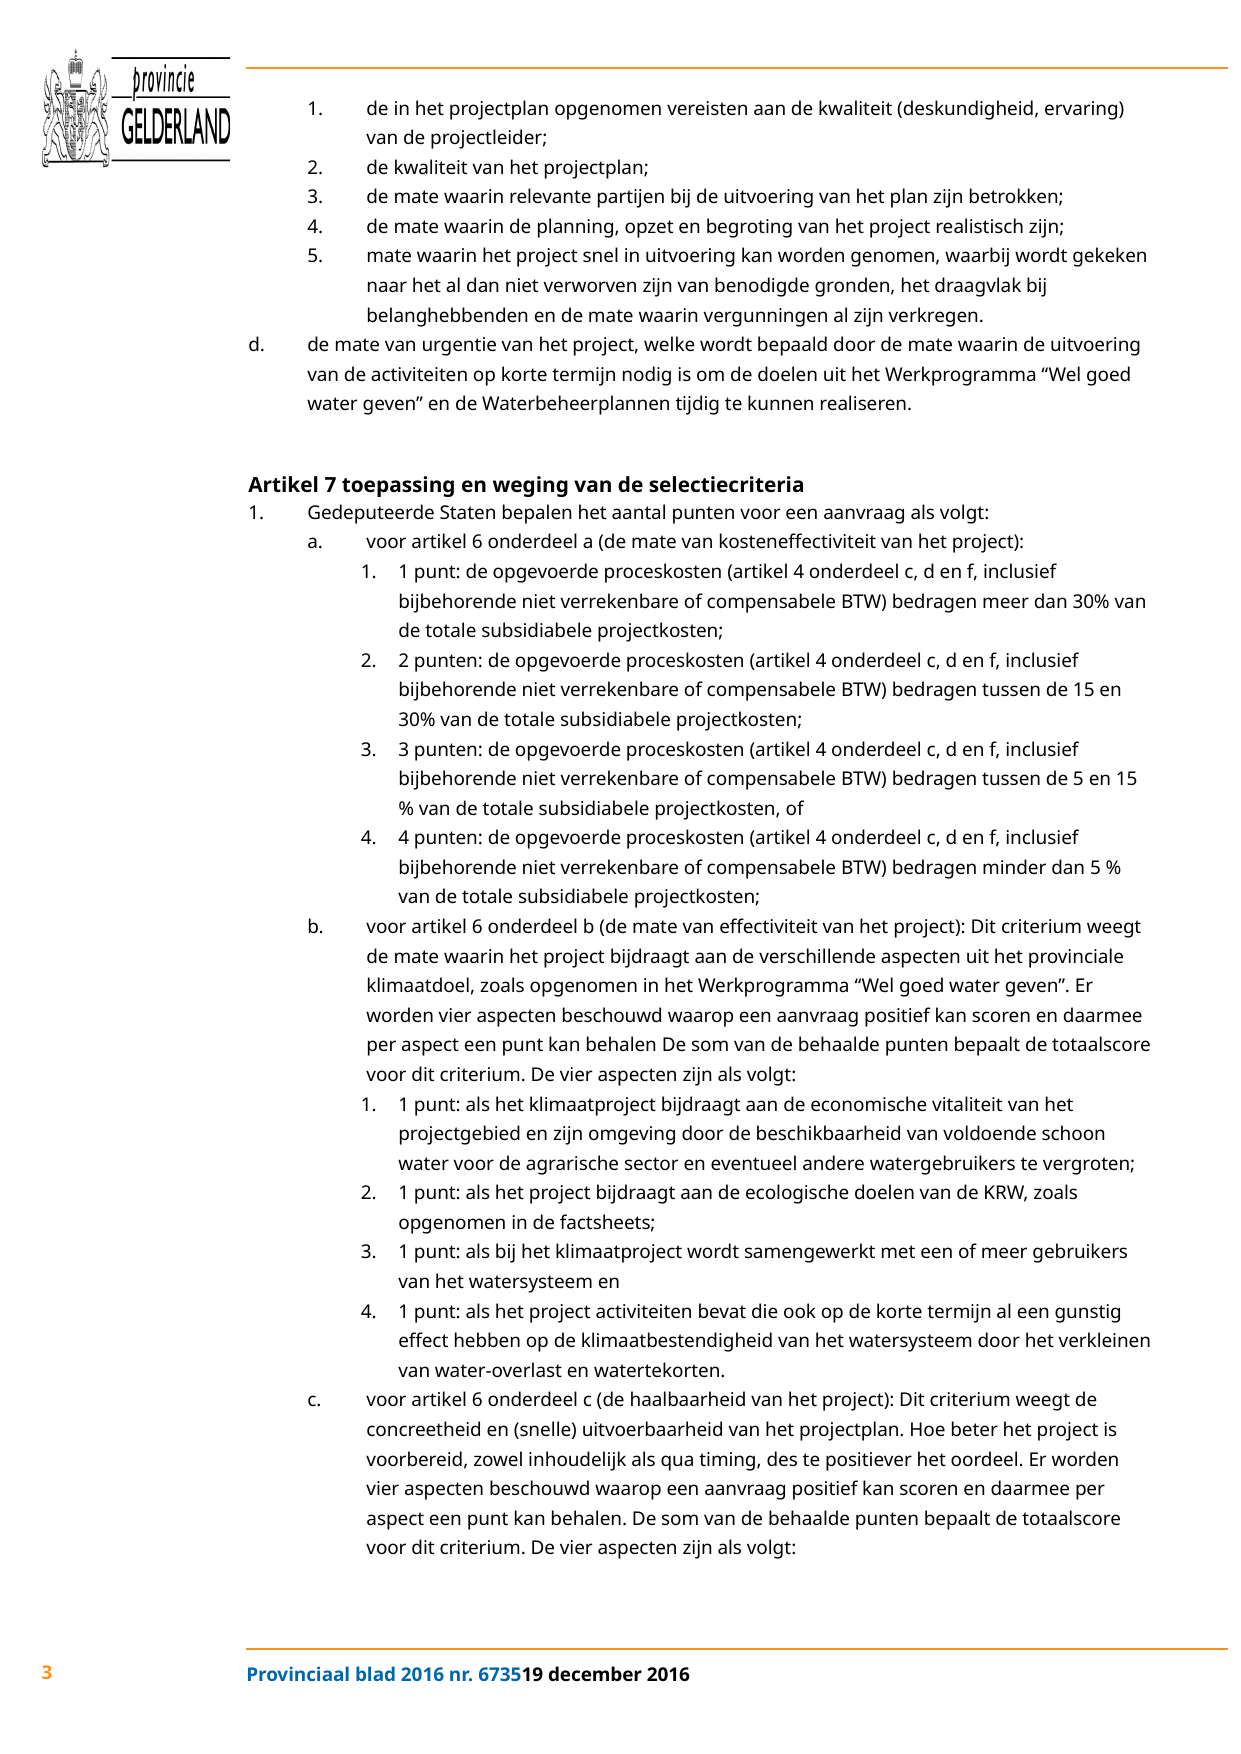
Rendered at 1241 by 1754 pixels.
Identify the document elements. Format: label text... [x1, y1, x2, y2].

list 2 punten: de opgevoerde proceskosten (artikel 4 onderdeel c, d en f, inclusief bijbehorende niet verrekenbare of compensabele BTW) bedragen tussen de 15 en 30% van de totale subsidiabele projectkosten; [361, 647, 1152, 732]
list de mate van urgentie van het project, welke wordt bepaald door de mate waarin de uitvoering van de activiteiten op korte termijn nodig is om de doelen uit het Werkprogramma “Wel goed water geven” en de Waterbeheerplannen tijdig te kunnen realiseren. [248, 331, 1152, 416]
list Gedeputeerde Staten bepalen het aantal punten voor een aanvraag als volgt: [248, 499, 1152, 525]
list mate waarin het project snel in uitvoering kan worden genomen, waarbij wordt gekeken naar het al dan niet verworven zijn van benodigde gronden, het draagvlak bij belanghebbenden en de mate waarin vergunningen al zijn verkregen. [307, 243, 1152, 328]
list 1 punt: als het klimaatproject bijdraagt aan de economische vitaliteit van het projectgebied en zijn omgeving door de beschikbaarheid van voldoende schoon water voor de agrarische sector en eventueel andere watergebruikers te vergroten; [361, 1091, 1152, 1176]
list 1 punt: de opgevoerde proceskosten (artikel 4 onderdeel c, d en f, inclusief bijbehorende niet verrekenbare of compensabele BTW) bedragen meer dan 30% van de totale subsidiabele projectkosten; [361, 558, 1152, 643]
list voor artikel 6 onderdeel b (de mate van effectiviteit van het project): Dit criterium weegt de mate waarin het project bijdraagt aan de verschillende aspecten uit het provinciale klimaatdoel, zoals opgenomen in het Werkprogramma “Wel goed water geven”. Er worden vier aspecten beschouwd waarop een aanvraag positief kan scoren en daarmee per aspect een punt kan behalen De som van de behaalde punten bepaalt de totaalscore voor dit criterium. De vier aspecten zijn als volgt: [307, 913, 1152, 1087]
list voor artikel 6 onderdeel a (de mate van kosteneffectiviteit van het project): [307, 529, 1152, 554]
text Artikel 7 toepassing en weging van de selectiecriteria [248, 471, 1152, 499]
list 1 punt: als bij het klimaatproject wordt samengewerkt met een of meer gebruikers van het watersysteem en [361, 1239, 1152, 1294]
list 1 punt: als het project bijdraagt aan de ecologische doelen van de KRW, zoals opgenomen in de factsheets; [361, 1179, 1152, 1235]
list de kwaliteit van het projectplan; [307, 154, 1152, 180]
list de in het projectplan opgenomen vereisten aan de kwaliteit (deskundigheid, ervaring) van de projectleider; [307, 95, 1152, 150]
list 3 punten: de opgevoerde proceskosten (artikel 4 onderdeel c, d en f, inclusief bijbehorende niet verrekenbare of compensabele BTW) bedragen tussen de 5 en 15 % van de totale subsidiabele projectkosten, of [361, 736, 1152, 821]
list voor artikel 6 onderdeel c (de haalbaarheid van het project): Dit criterium weegt de concreetheid en (snelle) uitvoerbaarheid van het projectplan. Hoe beter het project is voorbereid, zowel inhoudelijk als qua timing, des te positiever het oordeel. Er worden vier aspecten beschouwd waarop een aanvraag positief kan scoren en daarmee per aspect een punt kan behalen. De som van de behaalde punten bepaalt de totaalscore voor dit criterium. De vier aspecten zijn als volgt: [307, 1387, 1152, 1560]
list de mate waarin relevante partijen bij de uitvoering van het plan zijn betrokken; [307, 183, 1152, 209]
list 4 punten: de opgevoerde proceskosten (artikel 4 onderdeel c, d en f, inclusief bijbehorende niet verrekenbare of compensabele BTW) bedragen minder dan 5 % van de totale subsidiabele projectkosten; [361, 824, 1152, 909]
list 1 punt: als het project activiteiten bevat die ook op de korte termijn al een gunstig effect hebben op de klimaatbestendigheid van het watersysteem door het verkleinen van water-overlast en watertekorten. [361, 1298, 1152, 1383]
list de mate waarin de planning, opzet en begroting van het project realistisch zijn; [307, 213, 1152, 239]
picture [41, 47, 231, 172]

Exercise directions ▸ Please copy, exactly as written, every line in the listing above from the line with "list mate waarin" up to and including the line with "list 1 punt: de".

Task solution ▸
list mate waarin het project snel in uitvoering kan worden genomen, waarbij wordt gekeken naar het al dan niet verworven zijn van benodigde gronden, het draagvlak bij belanghebbenden en de mate waarin vergunningen al zijn verkregen. [307, 243, 1152, 328]
list 1 punt: als het klimaatproject bijdraagt aan de economische vitaliteit van het projectgebied en zijn omgeving door de beschikbaarheid van voldoende schoon water voor de agrarische sector en eventueel andere watergebruikers te vergroten; [361, 1091, 1152, 1176]
list 1 punt: de opgevoerde proceskosten (artikel 4 onderdeel c, d en f, inclusief bijbehorende niet verrekenbare of compensabele BTW) bedragen meer dan 30% van de totale subsidiabele projectkosten; [361, 558, 1152, 643]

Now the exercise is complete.